Initial reports on the use of Alloderm in complex hernias were promising. Three major centers reported on 171 patients with only a 4% graft removal rate and with an expected high rate of wound complications inherent in this patient population [6–8]. As these studies were preliminary reports, followup was short and difficult to interpret as were the techniques of repair. Further studies from several authors reported a laxity associated with the use of Alloderm, especially when this material was used as a “bridge” or interposition repair. Blatnik and colleagues reported on 11 patients who underwent complex abdominal hernia repairs and reported 80% recurrence rate at a mean followup of 24 months [9]. Candage and colleagues reported on a larger series with a subset of 20 patients that underwent a bridge repair [10]. They reported a 30% recurrence rate with 88% of the patients who developed eventration having a “bridge” repair. Bluebon-Langer and colleagues reported on 7 patients who underwent component separation with an interposition repair with Alloderm, observing the laxity within 12 months [11]. Jin and colleagues also reported on the effect that technique of repair has on outcomes in 37 patients undergoing abdominal wall repair with Alloderm showing that it should be used only as reinforcement after primary fascial reapproximation [12]. Based on these reports, it was evident that technique of repair had an important impact on the recurrence rate associated with these biologic materials. Our findings echo these reports in that the technique of repair was the only significant risk factor for recurrence. The “bridge” repairs had a significantly higher recurrence rate than onlay or underlay techniques. While the high recurrence rate associated with bridging repairs is well known today and has been previously reported [12], most of our bridging repairs were performed early in our experience and show the unrealized high expectations that these surgeons had for these new biologic products. In our bridging repairs only 1 patient had it placed as a temporary abdominal closure technique.

Our series is unique to previously published reports in many ways. First, our report is from a community teaching hospital comprised of private practitioners and academic surgeons differing from many previous reports from large trauma centers or specialized hernia centers that have a specific focus on abdominal wall reconstruction. Second, a surprising finding of our study is that the majority of cases in which the biologic graft was used were clean cases, whereas the majority of prior studies have been in complex or infected hernia repairs, because this was the accepted initial indication for these products.
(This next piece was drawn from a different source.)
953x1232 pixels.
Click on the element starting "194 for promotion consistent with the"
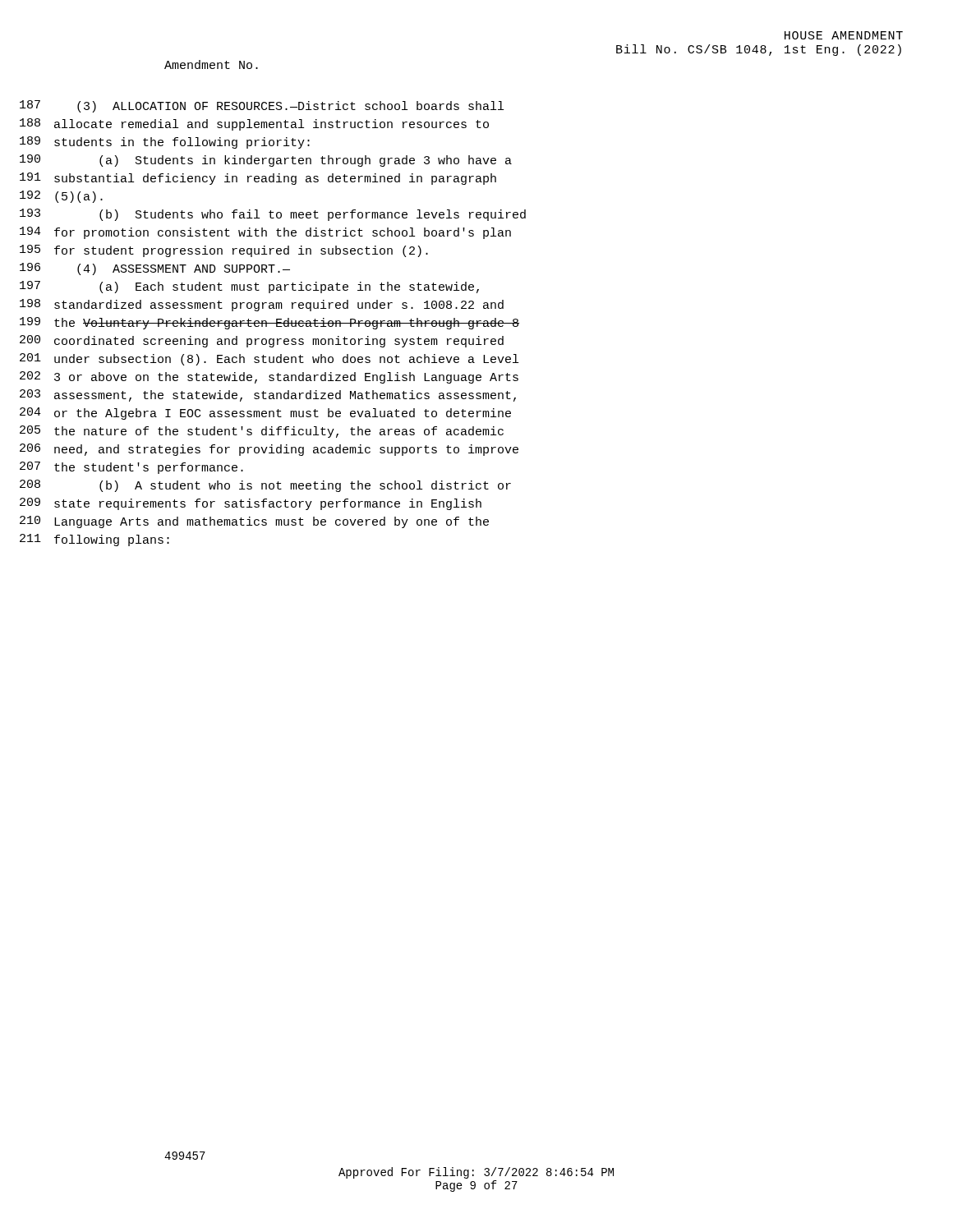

Interestingly, we report 6 cases where human acellular dermis was used in a recurrent hernia where the previous mesh was human acellular dermis. In review of these cases, 5 of the cases were clean with one being contaminated. Only one of the cases had a different surgeon performing the first and second operation and in this case case the first surgeon used Alloderm and the second surgeon used FlexHD. The rationale for repeat use of the biologic is unknown and difficult to explain with 3 of these 6 patients having a documented repeat recurrence. Our report shows that with increased experience with these products, surgeons are liberalizing the indications for the use despite little supporting scientific literature.

One potential drawback of these biologic products is the cost. Several studies have evaluated the cost associated with the use of these products recommending caution in their use until further studies and information are available [5, 9]. Several hospitals have also limited the use of these products to “hernia specialist” or for complex/infected cases. During this study, our hospital had no constraints on the use of biologic products; however, it had limitations relating to the types of biologic products available. One impetus for this study was to evaluate our use of these products and the economic impact for our hospital. Although no direct comparisons were made, the cost of biologic mesh for a clean case far exceeds that for a synthetic mesh at our hospital; however, we cannot comment further on the economic impact as we did not evaluate hernia repairs using synthetic mesh. Cost comparisons are also very difficult due to the followup needed to evaluate for long-term complications such as mesh infections and recurrences.

There are several limitations to our study. One is that the indication for use of biologic mesh at our community hospital was surgeon dependent and this has caused liberalization of use that may not be seen in other hospitals. It is evident that our surgeons incorrectly bought into the premise that these human acellular grafts would be as strong as synthetic mesh and could be used in clean and infected fields without the possibility of infections. Secondly, our followup is fairly limited due to the nature of multiple different surgeons, from multiple different groups, with different followup patterns performing these operations and this could affect our recurrence rate. Although our followup is limited, our series reports a high recurrence rate, especially for a series with many clean cases and likely with improved followup our recurrence rate may be even higher. One caveat to our recurrence rate is that recurrences were often found on CT scans obtained for indications other than to evaluate for recurrent hernias, and many of these recurrences were asymptomatic, so patients did not undergo further surgery. Despite this, based on our surgeons’ experience and appreciation of this high recurrence rate, many surgeons in our hospital have begun to use a porcine dermis product for ventral hernia repairs, as it is believed to result in less laxity and stretching. Technique of repair has also been discussed with a near abandonment of the “bridge” repair except in extremely complex cases where temporary closure is needed and increasing use of component separation.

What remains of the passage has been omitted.